Esta concepción del triunfo, desde un enfoque modesto y comedido, se filtra en la vibrante La vida cañón, un alegato por una forma de vida tan sencilla como anacrónica que, como cuenta Barbosa, está inspirado en una publicación de 1935 de la revista Mundo Gráfico: “En ella preguntaban a la peña de una corrala de Lavapiés qué harían si les tocara el gordo de la Lotería. Alguien contestó que se daría ‘la vida cañón’ y compraría un tendidito en Las Ventas, un mantón para su señora, un gramófono, un puro y viajaría a Burgos y a Soria”. Se podría intuir que, tras esta nostálgica tonada, se oculta un lamento por el presente, algo que Barbosa se empeña rápidamente en desmentir: “No, no, no. Es muy fácil decir que detrás hay una queja social. Pero esa canción es Antonio Alcántara. He visto Cuéntame 11 veces y me flipa. Es la vida en plan ‘no me falta de nada’”. Sus compañeros parecen discrepar y Barbosa claudica con un “vale, eso también está”.

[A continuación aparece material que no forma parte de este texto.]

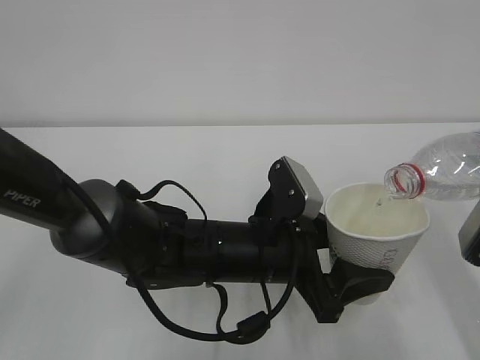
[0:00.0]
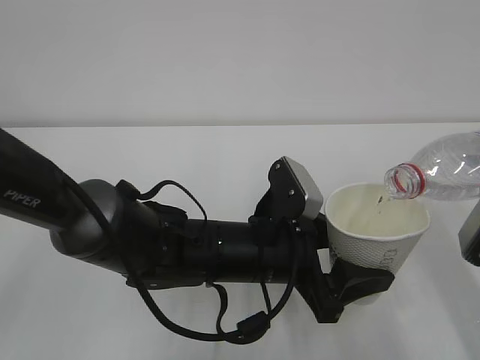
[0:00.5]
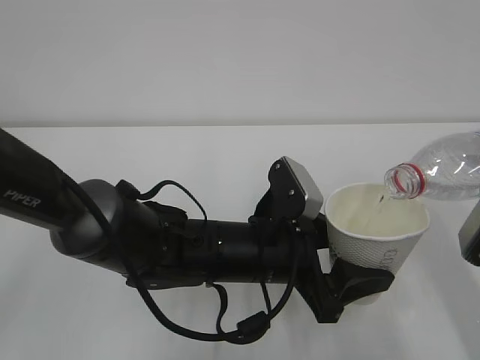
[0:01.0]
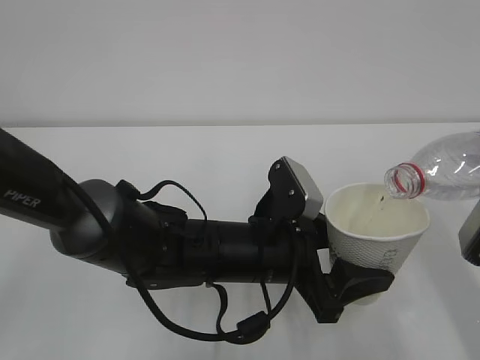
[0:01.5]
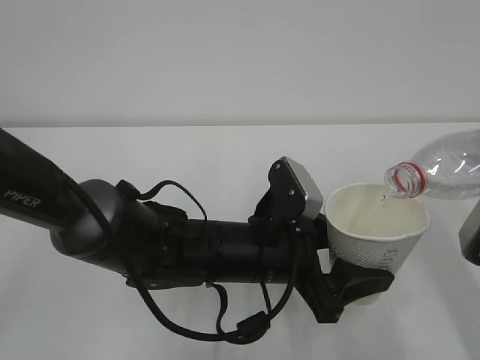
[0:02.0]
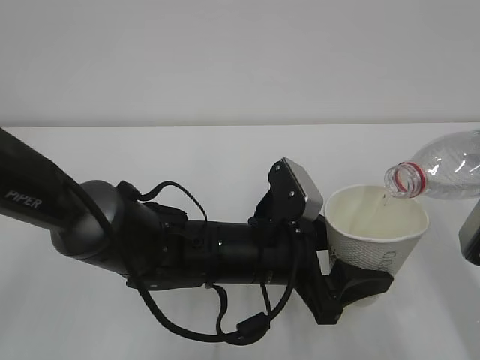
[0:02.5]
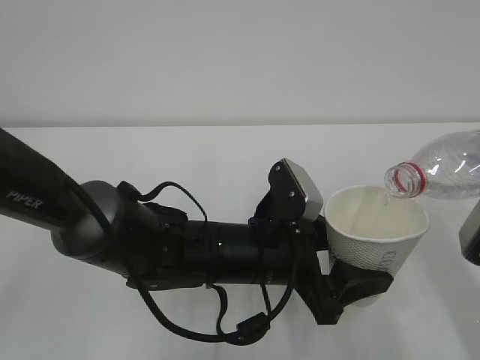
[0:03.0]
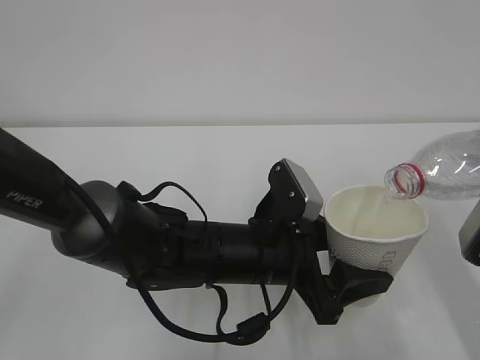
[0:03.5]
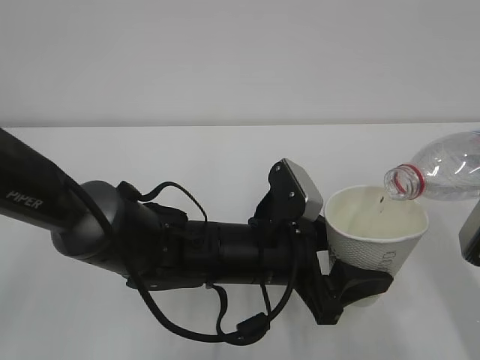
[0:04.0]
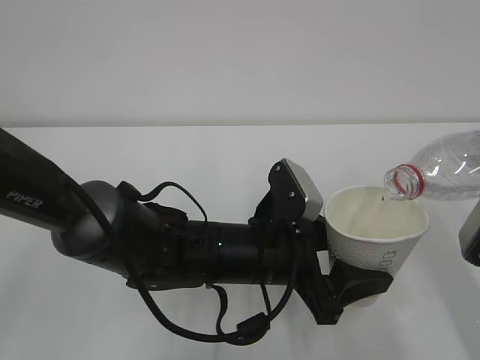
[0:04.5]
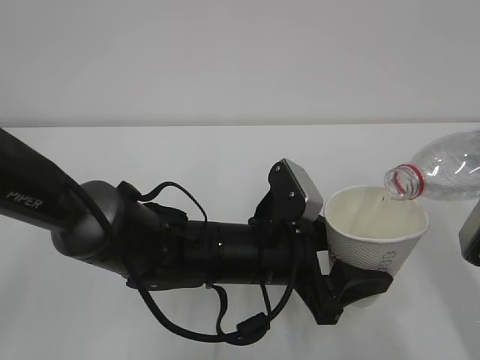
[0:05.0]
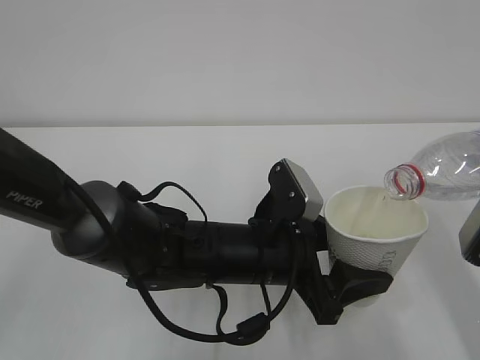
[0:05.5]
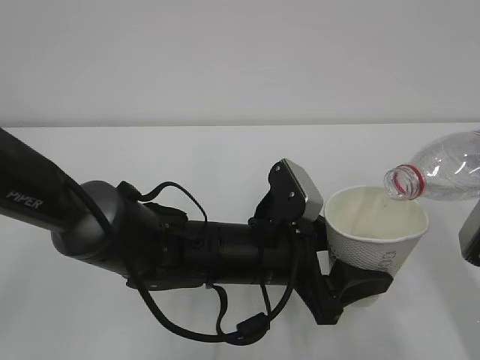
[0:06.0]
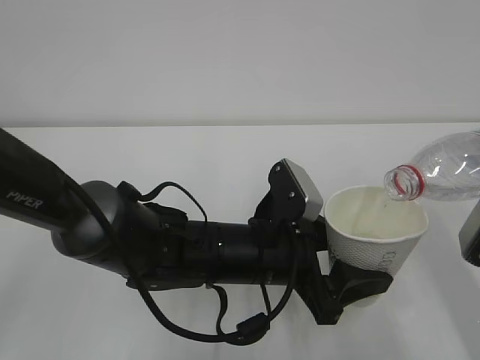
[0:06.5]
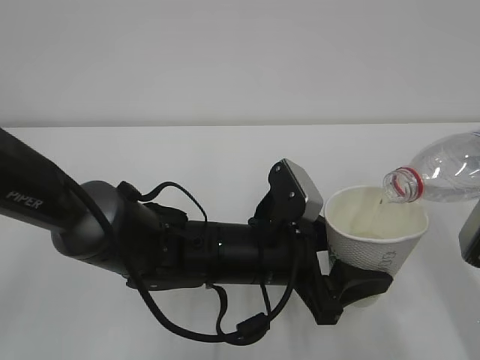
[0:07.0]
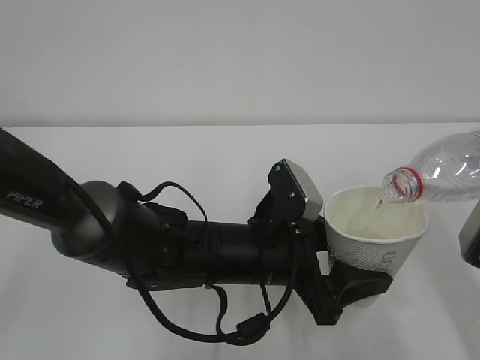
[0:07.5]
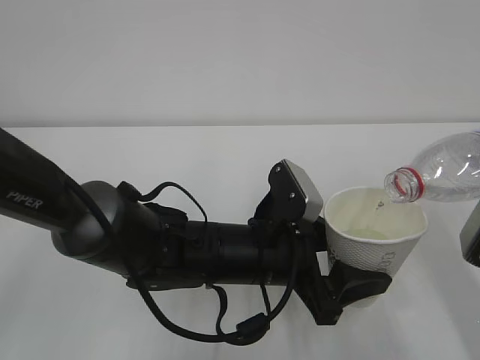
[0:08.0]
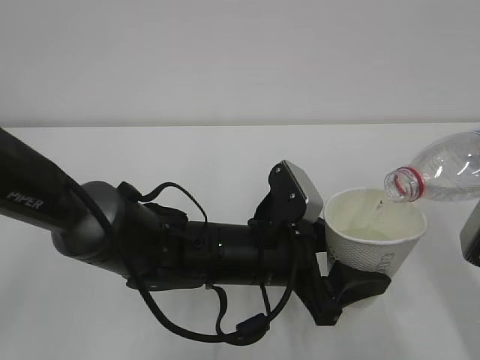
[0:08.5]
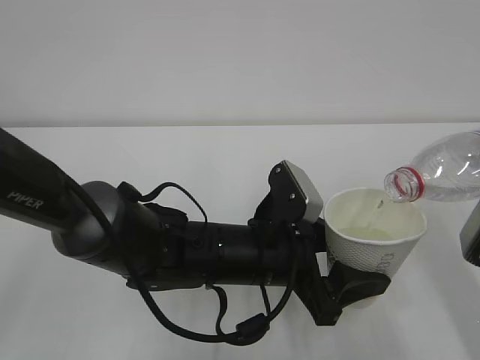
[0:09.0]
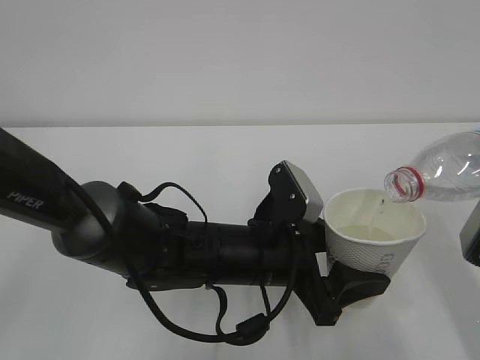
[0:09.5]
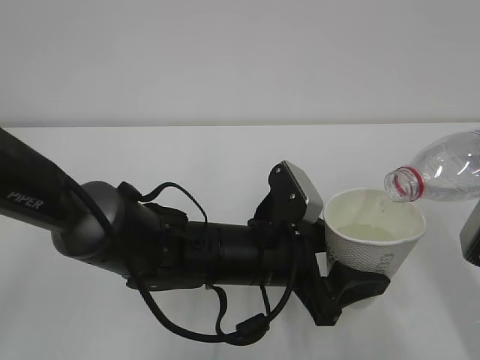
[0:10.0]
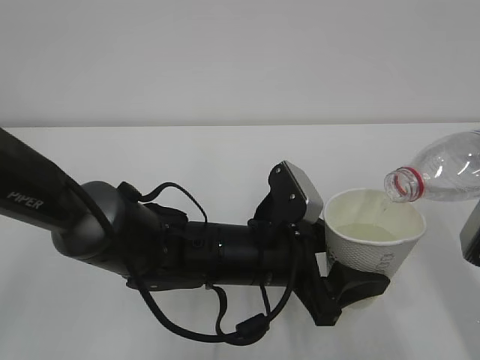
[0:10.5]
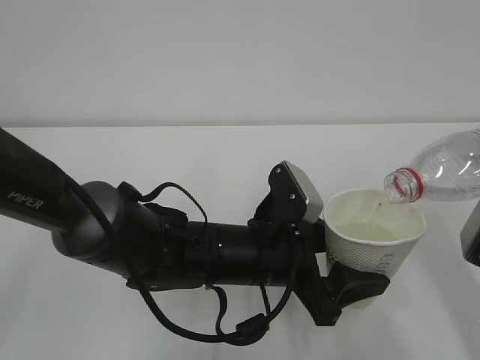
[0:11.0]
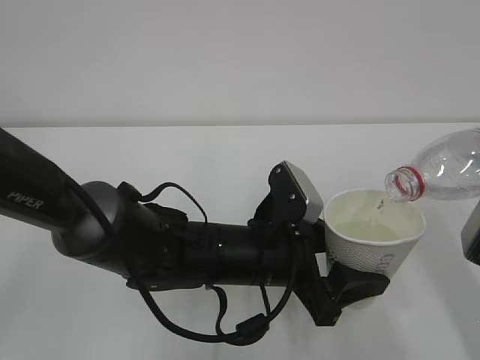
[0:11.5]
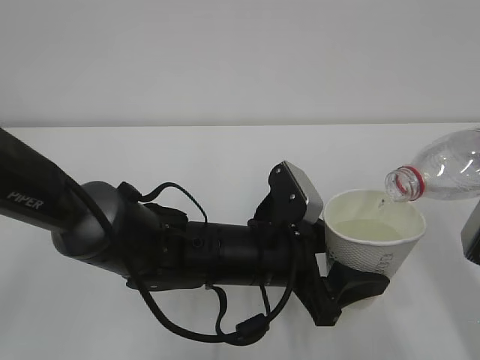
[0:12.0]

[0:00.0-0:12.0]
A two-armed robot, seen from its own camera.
0:00.0 to 0:10.0: Neither gripper changes place.
0:10.0 to 0:12.0: Both grippers stay put.

A Rivas, principal responsable de las letras, las menciones bíblicas le chorrean. Da espacio a Cristo, Calvino y exprime el Evangelio según San Juan. De hecho, ha cristianizado Cosquilleo, de La Paloma, única versión que se incluye en el álbum, adaptada aquí como El rey de los judíos. Pero junto a este apego por el misticismo religioso y su iconografía –”sin ser nosotros nada de eso”, recalca Rivas–, sobrevuela también una obsesión por los conflictos bélicos, tapiz que podría recordar al que Otto Dix dibujó en su serie Der Krieg (La guerra) tras participar en la Primera Guerra Mundial. Abundan las referencias a esta contienda, por la que confiesan sentirse fascinados –citando repetidamente a Ernst Jünger–, pero también hay alusiones a la más reciente guerra en Ucrania, a Joseph Goebbels, a Marruecos o al Transvaal (antigua provincia de Sudáfrica).

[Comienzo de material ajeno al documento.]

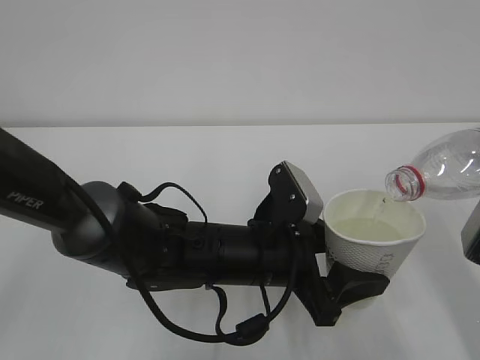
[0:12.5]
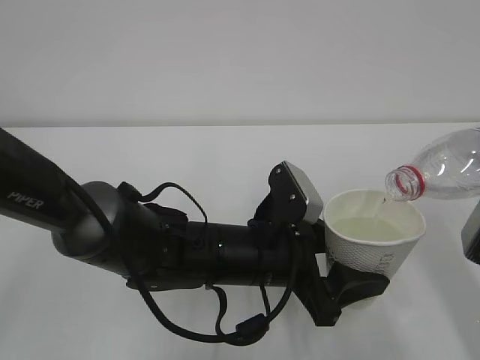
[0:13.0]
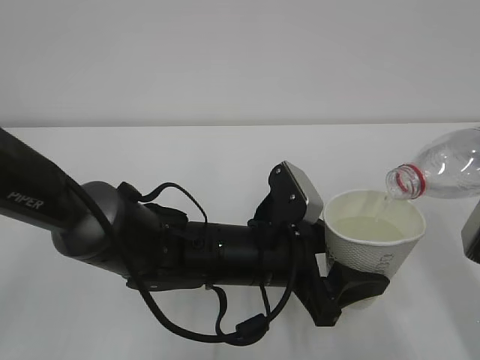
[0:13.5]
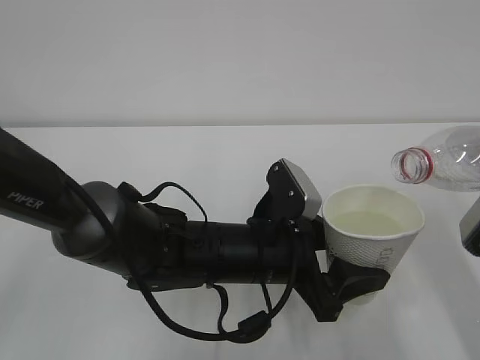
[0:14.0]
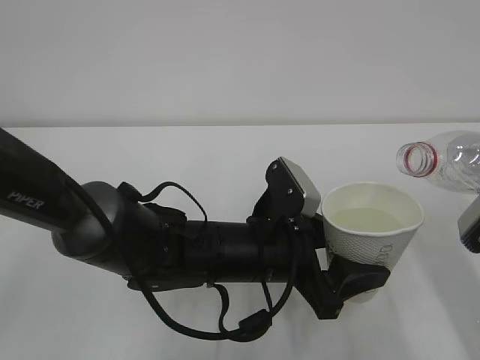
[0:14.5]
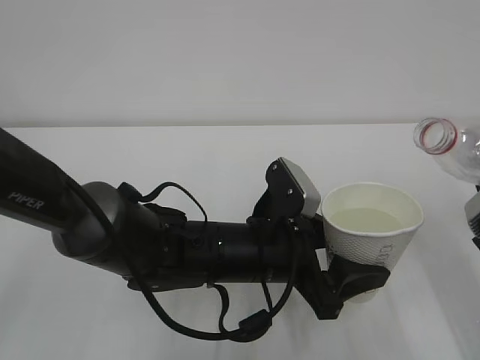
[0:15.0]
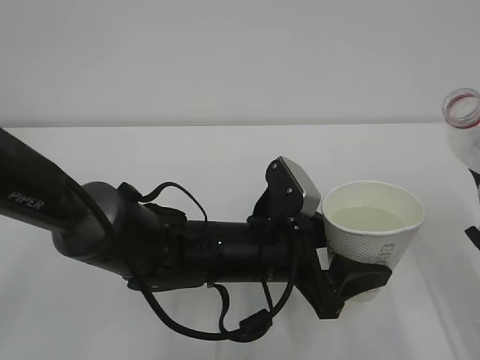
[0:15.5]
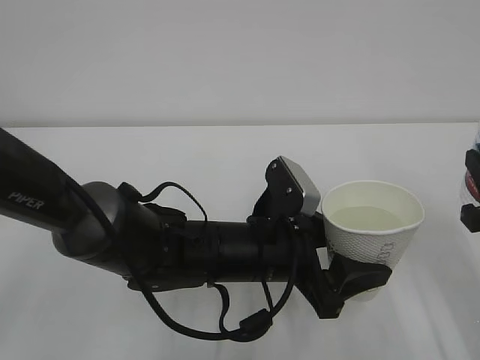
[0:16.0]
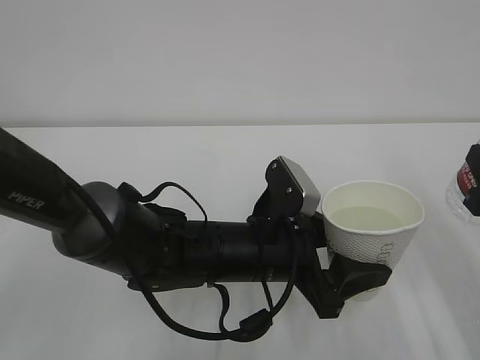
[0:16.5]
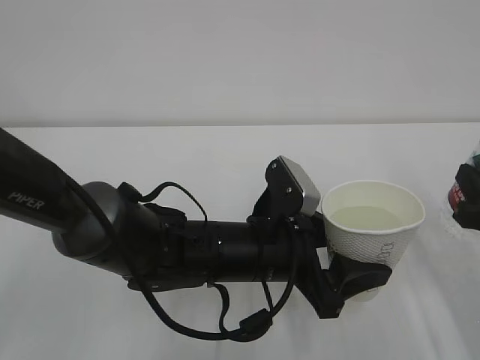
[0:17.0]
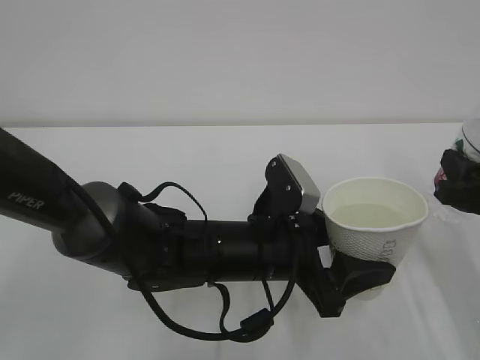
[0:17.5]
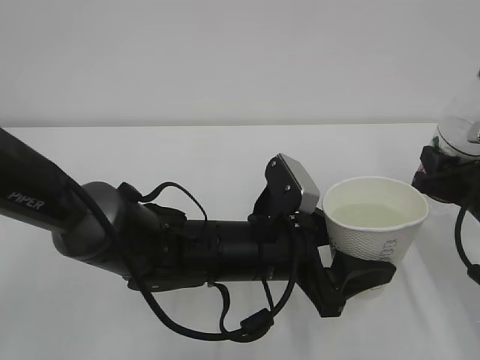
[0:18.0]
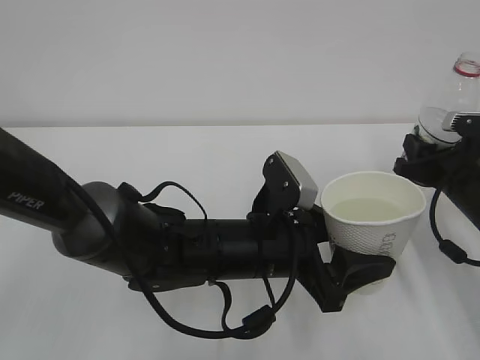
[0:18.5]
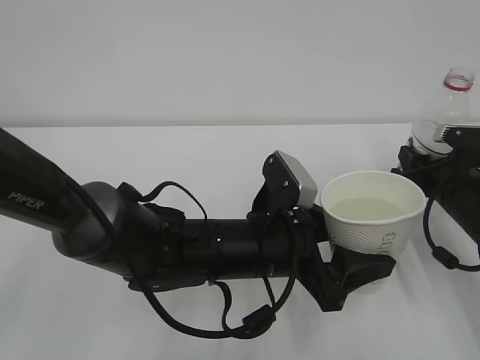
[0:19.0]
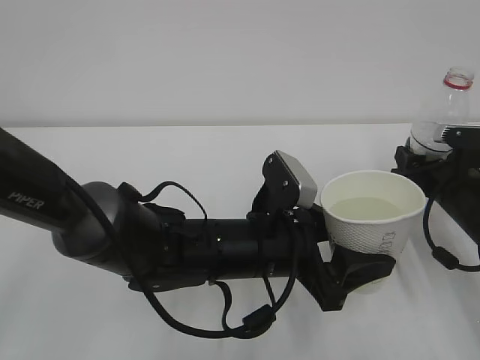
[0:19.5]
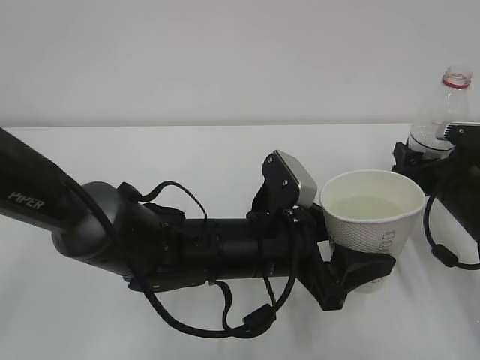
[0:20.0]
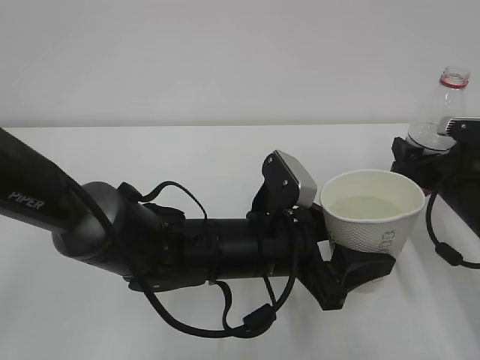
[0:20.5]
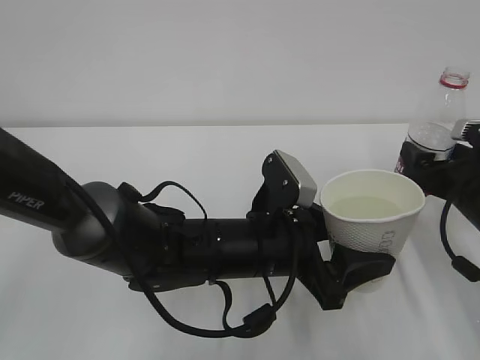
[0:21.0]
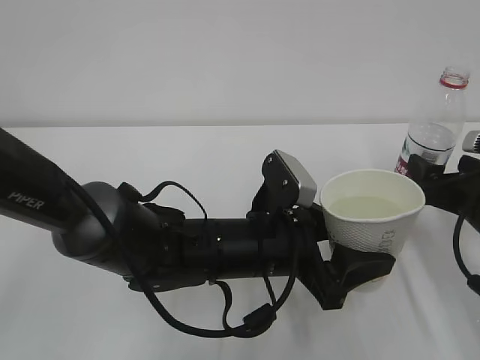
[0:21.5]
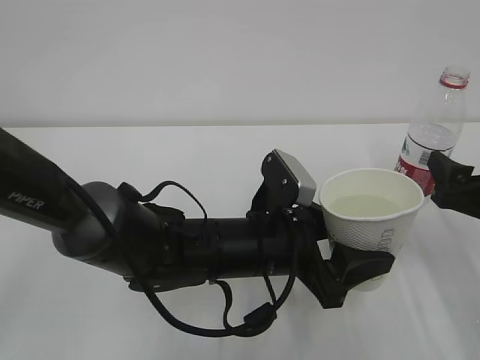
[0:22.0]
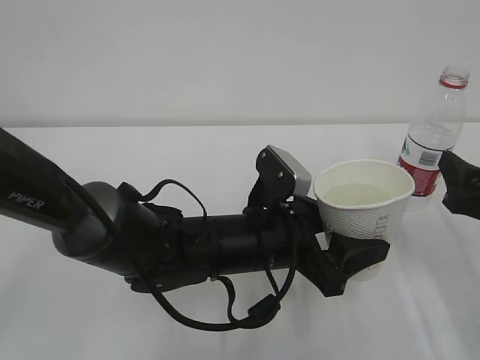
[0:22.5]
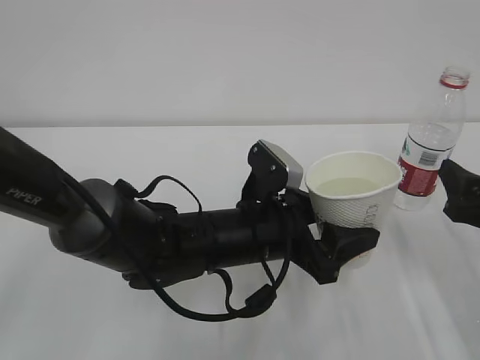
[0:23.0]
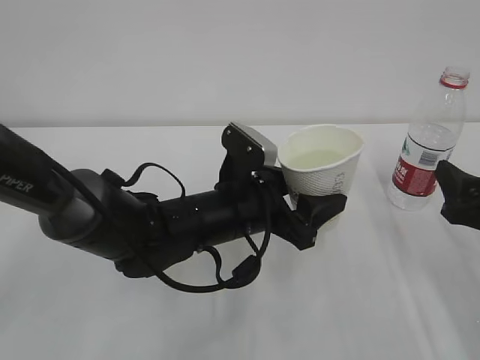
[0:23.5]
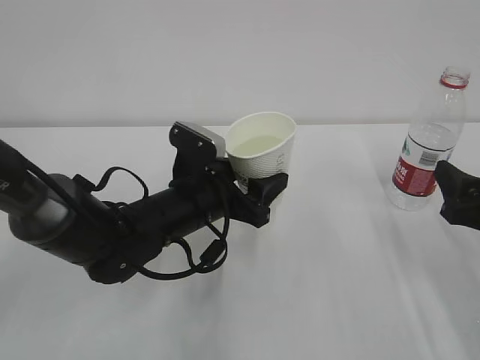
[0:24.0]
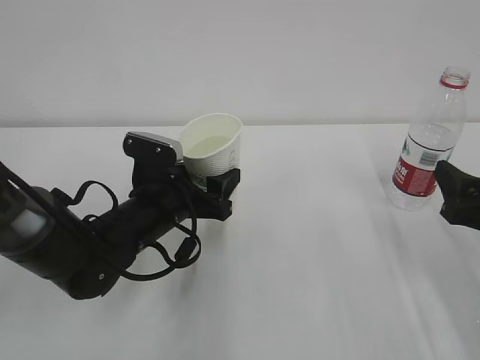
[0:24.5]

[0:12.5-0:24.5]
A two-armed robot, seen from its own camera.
0:12.5 to 0:14.5: The grippers move only a little.
0:16.5 to 0:18.5: The right gripper travels forward and downward by approximately 15 cm.
0:18.5 to 0:20.5: The right gripper opens its fingers.
0:20.5 to 0:22.5: The right gripper is displaced backward by about 10 cm.
0:22.5 to 0:24.5: The left gripper moves to the left and forward, roughly 15 cm.

“Estamos preparados para el horror –sostiene Rivas tras ser preguntados por el fantasma del rearme que planea sobre Europa– en La vida cañón decimos ‘hace tiempo que no pienso en el horror’ porque es una manera irónica de reírnos de nosotros mismos. Barbosa y yo, en concreto, estamos cagados siempre. Visualizamos todo el rato que mañana estalla la guerra y cosas así”.

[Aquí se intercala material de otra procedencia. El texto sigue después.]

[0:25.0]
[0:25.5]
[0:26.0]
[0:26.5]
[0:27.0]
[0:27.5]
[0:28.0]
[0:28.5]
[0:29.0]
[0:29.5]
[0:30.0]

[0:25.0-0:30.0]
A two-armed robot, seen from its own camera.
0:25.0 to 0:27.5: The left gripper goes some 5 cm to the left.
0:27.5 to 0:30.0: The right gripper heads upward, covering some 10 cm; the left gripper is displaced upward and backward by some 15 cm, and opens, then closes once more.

El sentido del humor, además de una amistad forjada con los años, es el engrudo que liga su prometedor proyecto. “No nos tomamos tan en serio como para no permitirnos el humor”, confiesa Juampi. Y Barbosa matiza: “Eso tampoco quiere decir que seamos un grupo de coña. Puede ser que nos guste un poco el circo, pero no somos ni Gigatrón, ni Los Mojinos Escocíos ni El Reno Renardo. Nuestras letras no son un chiste”.